E: Are there any other countries which have a good example to follow, in terms of dynamic consumer pricing or other market designs that will promote efficient use of DER?
JH: “Good” depends on where you fall in the trade-off between power price stability vs spikes. Large differentials may not benefit all consumers, but they certainly encourage greater engagement from consumers and flexible assets. Australia is the go-to example for this.
E: Can you give us an update on the flexibility platform?
JH: Indeed I can! At Electron, we fundamentally believe in “layered” markets so we are focussed on developing an exchange that allows asset operators to sell multiple services at the same time. This could be anything from a distributed asset selling balancing services (ESO), constraint relief (DNO), and power (supplier/community) at the same time, or a large power plant selling power + inertia + transmission constraint services all at once. People tend to talk about energy markets and flexibility markets like two distinct things. This is not very helpful. “Flexibility” is more of a bundle of products than a single market.
Right now we are working with a number of DNOs in the UK to develop new local markets, particularly around curtailment and congestion relief. All stars aligning, we hope to see the first trades here this year and indeed we already have a prototype running. In parallel, we are working with a broader consortium of traders to develop an exchange in which multiple products are stacked together. For us, this is the only sensible way to design for “whole system value”, while allowing the definition of what constitutes that to evolve with the various products that are bought and sold in the market evolve themselves.
E: You also have live projects in South Korea and Switzerland? How are the challenges different in each country, or are there synergies?
JH: The UK has six distribution network operators, South Korea has one, and Switzerland has closer to 600, so the coordination challenge varies substantially, however all countries are looking at the same challenges around digitally representing assets and capabilities (for which our shared asset register approach remains fundamental), and then developing multiple, layered markets on top of this. What and where those markets are varies though. For example, in Switzerland we are developing a market for the Canton of Valais that enables local utilities to coordinate and financially settle between themselves. They estimate that this would save them €800,000/year, before you tamper with any power flows.

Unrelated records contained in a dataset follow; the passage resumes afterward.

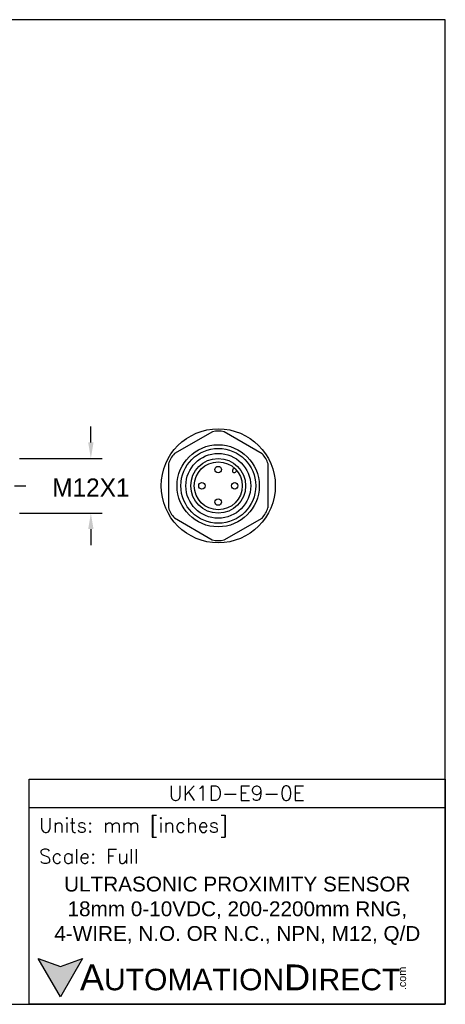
# Model space of a CAD drawing. Header units: inches. Extents: x 0 to 279, y 0 to 216.
# Tile 4 of 4: x 186 to 279, y 0 to 216. Entities that reach past the tile are written whole.
import ezdxf

# ---------------------------------------------------------------- set-up
doc = ezdxf.new("R2010")
doc.units = ezdxf.units.IN
doc.header["$LTSCALE"] = 10
doc.header["$MEASUREMENT"] = 0
doc.linetypes.add('CENTER', pattern=[2, 1.25, -0.25, 0.25, -0.25])
for name, color, linetype in [('center', 40, 'CENTER'), ('DIM', 140, 'Continuous'), ('Text', 140, 'Continuous')]:
    doc.layers.add(name, color=color, linetype=linetype)
doc.styles.add('\\M+2ABAC\\M+2A6A11', font='txt')
doc.styles.add('ROMANS', font='romans.shx')
doc.dimstyles.get("Standard").update_dxf_attribs({"dimtxt": 4, "dimasz": 3.5, "dimexe": 2.5, "dimexo": 1.5, "dimgap": 1, "dimtad": 0, "dimtih": 1, "dimtoh": 1, "dimdec": 1, "dimzin": 0, "dimdsep": 46, "dimtxsty": 'Standard', "dimcen": 0, "dimadec": 0, "dimazin": 0, "dimtfac": 1, "dimtdec": 1, "dimtofl": 0, "dimtmove": 0, "dimatfit": 3, "dimfxl": 0, "dimtolj": 1, "dimtzin": 0, "dimarcsym": 0})

# ---------------------------------------------------------------- blocks, each defined once
blk = doc.blocks.new('*D2')
at = {"layer": 'Defpoints', "color": 0}
for p in [(184.65, 119.69), (184.65, 107.69), (201.76, 107.69)]:
    blk.add_point(p, dxfattribs=at)
at = {"layer": 'DIM', "color": 0, "lineweight": -2}
for p, q in [((201.76, 123.19), (201.76, 126.69)), ((186.15, 119.69), (204.26, 119.69)), ((186.15, 107.69), (204.26, 107.69)), ((201.76, 104.19), (201.76, 100.69))]:
    blk.add_line(p, q, dxfattribs=at)
at = {"layer": 'DIM', "color": 0}
for points in [[(201.18, 123.19), (202.34, 123.19), (201.76, 119.69)], [(201.18, 104.19), (202.34, 104.19), (201.76, 107.69)]]:
    blk.add_solid(points, dxfattribs=at)
at = {"layer": 'DIM', "color": 0, "insert": (201.76, 113.3), "char_height": 4, "attachment_point": 5}
blk.add_mtext('\\A1;M12X1', dxfattribs=at)

msp = doc.modelspace()

# ---------------------------------------------------------------- hatches: boundary and pattern name
at = {"layer": 'Text'}
msp.add_hatch(color=256, dxfattribs=at).paths.add_polyline_path([(199.93, 10.07), (195.08, 8.31), (190.23, 10.07), (195.08, 1.67)])

# ---------------------------------------------------------------- linework, layer by layer
for p, q in [((228.38, 125.54), (220.06, 120.75)), ((239.28, 120.72), (230.98, 125.54)), ((218.77, 118.5), (218.75, 108.9)), ((233.2, 117.58), (232.88, 117.27)), ((233.75, 116.99), (233.44, 116.68)), ((240.57, 108.88), (240.58, 118.48)), ((220.05, 106.66), (228.35, 101.84)), ((230.95, 101.84), (239.27, 106.63))]:
    msp.add_line(p, q)
for centre, radius in [((229.67, 113.69), 12.5), ((229.65, 113.69), 9), ((229.67, 113.69), 8.2), ((229.67, 113.69), 7.1), ((229.65, 113.69), 6), ((229.67, 113.69), 5.25), ((229.65, 117.25), 0.704), ((226.09, 113.69), 0.704), ((233.27, 113.69), 0.704), ((229.65, 110.13), 0.704)]:
    msp.add_circle(centre, radius)
for centre, radius, start, end in [((229.69, 120.03), 5.66, 76.7986, 103.2975), ((224.19, 116.88), 5.66, 136.7986, 163.2975), ((235.16, 116.84), 5.66, 16.7986, 43.2975), ((233.17, 116.99), 0.402, 135.7597, 311.9211), ((224.17, 110.54), 5.66, 196.7986, 223.2975), ((235.14, 110.5), 5.66, 316.7986, 343.2975), ((229.65, 107.35), 5.66, 256.7986, 283.2975)]:
    msp.add_arc(centre, radius, start, end)
at = {"layer": 'center'}
msp.add_line((90.05, 113.69), (187.65, 113.69), dxfattribs=at)
at = {"layer": 'Defpoints'}
msp.add_lwpolyline([(279.4, 215.9), (0, 215.9), (0, 0), (279.4, 0)], close=True, dxfattribs=at)
at = {"layer": 'Text'}
msp.add_line((188.28, 43.12), (279.4, 43.12), dxfattribs=at)
for points in [[(188.28, 0), (188.28, 49.4), (279.4, 49.4), (279.4, 0)], [(199.93, 10.07), (195.08, 1.67), (190.23, 10.07), (195.08, 8.31)]]:
    msp.add_lwpolyline(points, close=True, dxfattribs=at)

# ---------------------------------------------------------------- texts
at = {"layer": 'Text', "linetype": 'Continuous', "insert": (233.7, 46.3), "char_height": 3.248, "width": 61.1425, "attachment_point": 5, "style": 'ROMANS'}
msp.add_mtext('UK1D-E9-0E', dxfattribs=at)
at = {"layer": 'Text', "attachment_point": 4}
for s, insert, char_height, width, style in [(' Units: mm [inches]', (188.28, 38.75), 3.1404, 91.118, 'ROMANS'), (' Scale: Full', (188.28, 32.47), 3.1404, 91.118, 'ROMANS'), ('{\\fArial|b0|i0|c0|p34;     \\H1.2x;A\\H0.8333x;UTOMATION\\H1.2x;D\\H0.8333x;IRECT}', (190.23, 5.87), 4.7106, 79.7962, '\\M+2ABAC\\M+2A6A11')]:
    msp.add_mtext(s, dxfattribs=dict(at, insert=insert, char_height=char_height, width=width, style=style))
at = {"layer": 'Text', "linetype": 'Continuous', "insert": (233.84, 20.5), "char_height": 3.2482, "width": 90.3508, "attachment_point": 5}
msp.add_mtext('{\\fArial|b0|i0|c0|p34;ULTRASONIC PROXIMITY SENSOR\\P18mm 0-10VDC, 200-2200mm RNG,  \\P4-WIRE, N.O. OR N.C., NPN, M12, Q/D}', dxfattribs=at)
at = {"layer": 'Text', "insert": (269.12, 3.11), "char_height": 1.6958, "width": 5.0253, "attachment_point": 1, "rotation": 90, "style": '\\M+2ABAC\\M+2A6A11'}
msp.add_mtext('{\\fArial|b0|i0|c0|p34;.com}', dxfattribs=at)

# ---------------------------------------------------------------- dimensions: what is measured, and where the dimension line sits
at = {"layer": 'DIM'}
dim = msp.add_linear_dim(base=(201.76, 107.69), p1=(184.65, 119.69), p2=(184.65, 107.69), angle=90, text='M12X1', dimstyle='Standard', override={"dimpost": '\\X'}, dxfattribs=at)
dim.commit()
dim.dimension.update_dxf_attribs({"geometry": '*D2', "text_midpoint": (201.76, 113.3), "dimtype": 160})

doc.saveas('drawing.dxf')

E: Which other countries offer opportunities for Electron?
JH: We like to get involved in market and platform design in multiple countries at the same time because it expands our thinking on new flexibility products and fundamental platform requirements, so you never know.
I suspect the UK be one of the first to move to new grid/marketplace approach though. This country has always favoured markets and has a history of early regulatory reform. That said, I have noticed that countries like to move first, but utilities like to move second! The grid was, first and foremost, designed not to fail after all.